**Task requirements**. Nothing in the records should differ when they are repeated. Restate them word for word.

**Recorded data**.
- - - -

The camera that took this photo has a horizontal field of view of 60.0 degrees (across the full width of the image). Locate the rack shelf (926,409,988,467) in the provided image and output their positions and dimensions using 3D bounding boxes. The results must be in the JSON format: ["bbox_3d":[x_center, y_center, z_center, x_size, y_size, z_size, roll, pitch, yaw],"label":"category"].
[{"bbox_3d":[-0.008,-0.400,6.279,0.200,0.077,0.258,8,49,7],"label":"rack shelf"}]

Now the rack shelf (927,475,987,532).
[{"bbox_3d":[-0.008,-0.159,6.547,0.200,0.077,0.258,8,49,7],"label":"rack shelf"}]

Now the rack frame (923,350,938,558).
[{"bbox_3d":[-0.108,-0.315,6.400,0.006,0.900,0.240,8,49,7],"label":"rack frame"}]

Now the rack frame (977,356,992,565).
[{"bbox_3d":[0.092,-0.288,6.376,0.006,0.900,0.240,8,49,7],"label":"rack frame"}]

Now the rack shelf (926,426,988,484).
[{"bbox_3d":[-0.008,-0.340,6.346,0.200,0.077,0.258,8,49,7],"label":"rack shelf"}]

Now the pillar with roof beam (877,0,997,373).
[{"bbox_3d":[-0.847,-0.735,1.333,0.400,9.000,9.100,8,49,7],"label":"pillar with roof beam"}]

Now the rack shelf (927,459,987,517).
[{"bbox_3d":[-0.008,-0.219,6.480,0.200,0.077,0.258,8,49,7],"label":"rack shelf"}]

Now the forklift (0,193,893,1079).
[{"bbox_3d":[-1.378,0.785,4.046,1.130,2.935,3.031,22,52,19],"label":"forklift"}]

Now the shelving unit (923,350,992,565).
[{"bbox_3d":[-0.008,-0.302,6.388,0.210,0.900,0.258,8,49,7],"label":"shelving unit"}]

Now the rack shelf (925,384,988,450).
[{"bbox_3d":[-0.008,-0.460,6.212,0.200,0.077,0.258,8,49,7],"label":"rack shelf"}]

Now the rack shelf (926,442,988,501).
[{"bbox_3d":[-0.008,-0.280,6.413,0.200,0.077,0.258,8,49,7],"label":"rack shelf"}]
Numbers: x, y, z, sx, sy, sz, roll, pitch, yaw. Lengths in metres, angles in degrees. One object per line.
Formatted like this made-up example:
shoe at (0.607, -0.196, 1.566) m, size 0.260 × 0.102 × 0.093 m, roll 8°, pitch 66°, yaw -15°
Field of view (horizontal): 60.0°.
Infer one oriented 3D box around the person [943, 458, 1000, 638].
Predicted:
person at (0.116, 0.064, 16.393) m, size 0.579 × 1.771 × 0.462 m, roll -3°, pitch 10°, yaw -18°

- - - -

**Written answer**.
The camera that took this photo has a horizontal field of view of 60.0 degrees (across the full width of the image). Locate the rack shelf (926,409,988,467) in the provided image and output their positions and dimensions using 3D bounding boxes. The results must be in the JSON format: ["bbox_3d":[x_center, y_center, z_center, x_size, y_size, z_size, roll, pitch, yaw],"label":"category"].
[{"bbox_3d":[-0.008,-0.400,6.279,0.200,0.077,0.258,8,49,7],"label":"rack shelf"}]

Now the rack shelf (927,475,987,532).
[{"bbox_3d":[-0.008,-0.159,6.547,0.200,0.077,0.258,8,49,7],"label":"rack shelf"}]

Now the rack frame (923,350,938,558).
[{"bbox_3d":[-0.108,-0.315,6.400,0.006,0.900,0.240,8,49,7],"label":"rack frame"}]

Now the rack frame (977,356,992,565).
[{"bbox_3d":[0.092,-0.288,6.376,0.006,0.900,0.240,8,49,7],"label":"rack frame"}]

Now the rack shelf (926,426,988,484).
[{"bbox_3d":[-0.008,-0.340,6.346,0.200,0.077,0.258,8,49,7],"label":"rack shelf"}]

Now the pillar with roof beam (877,0,997,373).
[{"bbox_3d":[-0.847,-0.735,1.333,0.400,9.000,9.100,8,49,7],"label":"pillar with roof beam"}]

Now the rack shelf (927,459,987,517).
[{"bbox_3d":[-0.008,-0.219,6.480,0.200,0.077,0.258,8,49,7],"label":"rack shelf"}]

Now the forklift (0,193,893,1079).
[{"bbox_3d":[-1.378,0.785,4.046,1.130,2.935,3.031,22,52,19],"label":"forklift"}]

Now the shelving unit (923,350,992,565).
[{"bbox_3d":[-0.008,-0.302,6.388,0.210,0.900,0.258,8,49,7],"label":"shelving unit"}]

Now the rack shelf (925,384,988,450).
[{"bbox_3d":[-0.008,-0.460,6.212,0.200,0.077,0.258,8,49,7],"label":"rack shelf"}]

Now the rack shelf (926,442,988,501).
[{"bbox_3d":[-0.008,-0.280,6.413,0.200,0.077,0.258,8,49,7],"label":"rack shelf"}]
Numbers: x, y, z, sx, sy, sz, roll, pitch, yaw. Lengths in metres, angles in degrees. One object per line.
Formatted like this made-up example:
shoe at (0.607, -0.196, 1.566) m, size 0.260 × 0.102 × 0.093 m, roll 8°, pitch 66°, yaw -15°
Field of view (horizontal): 60.0°.
Infer one oriented 3D box around the person [943, 458, 1000, 638].
Predicted:
person at (0.116, 0.064, 16.393) m, size 0.579 × 1.771 × 0.462 m, roll -3°, pitch 10°, yaw -18°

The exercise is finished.